■ Work required: All lines from the one containing "Find the block" through the last line of the listing below are to be copied exactly. Exclude the pictures.

----- Extracted entries -----

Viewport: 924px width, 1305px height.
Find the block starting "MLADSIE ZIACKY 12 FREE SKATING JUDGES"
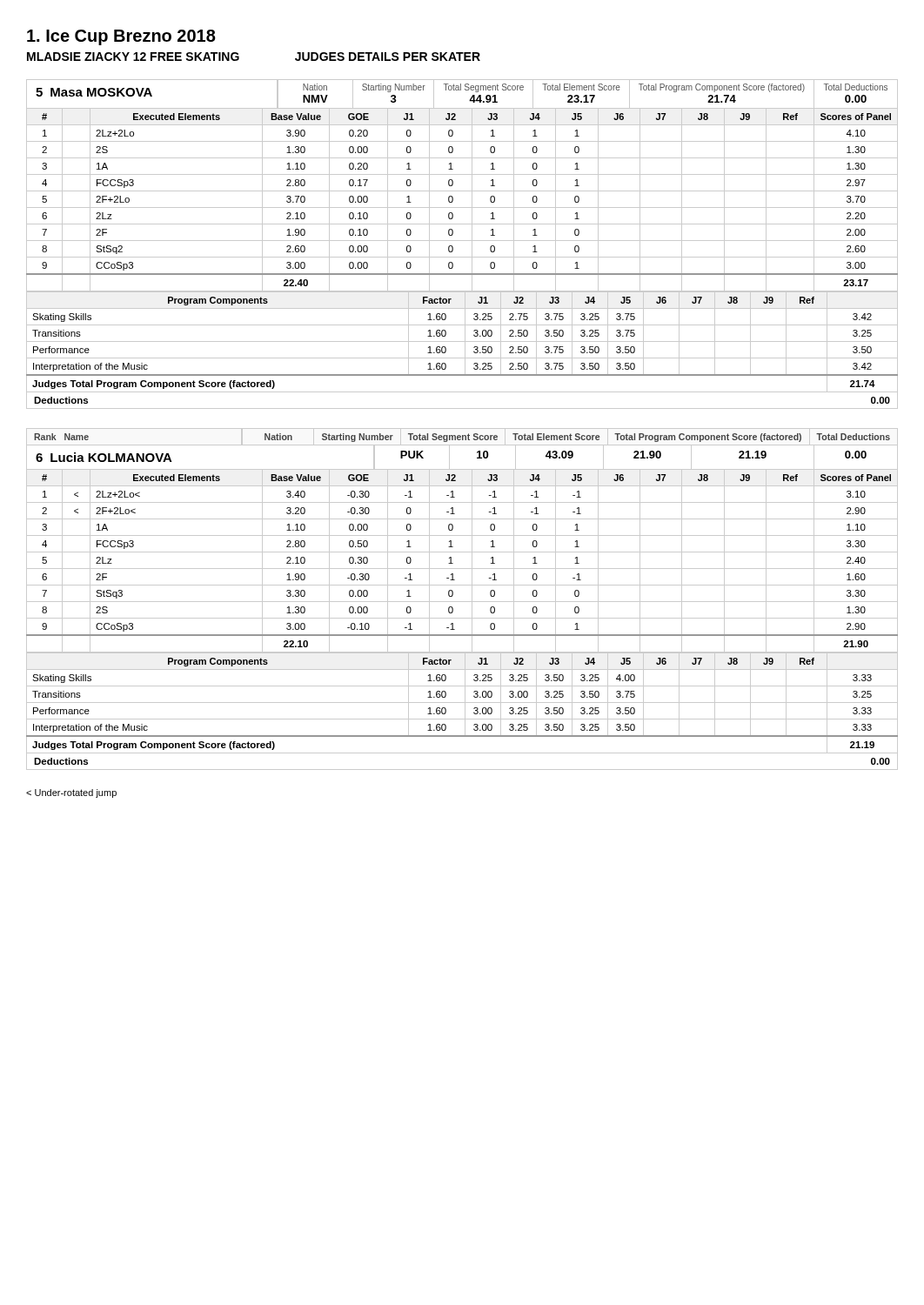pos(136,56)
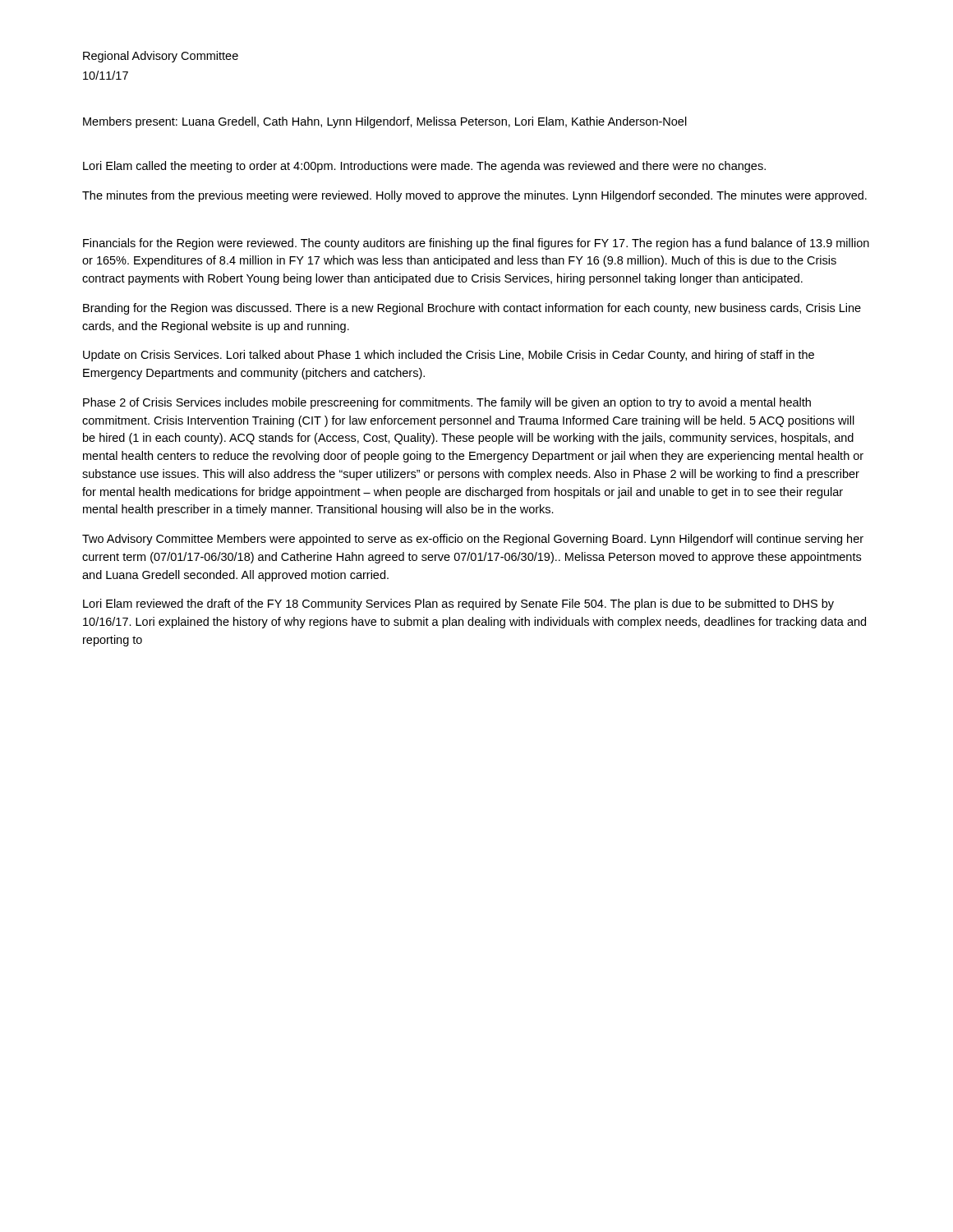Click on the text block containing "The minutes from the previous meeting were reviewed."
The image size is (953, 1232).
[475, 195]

-----

■ Solution for this problem:
Find the block starting "MLADSIE ZIACKY 12 FREE SKATING JUDGES"
pos(136,56)
Click on the text block containing "The minutes from the previous meeting were reviewed."
The image size is (953, 1232).
[475, 195]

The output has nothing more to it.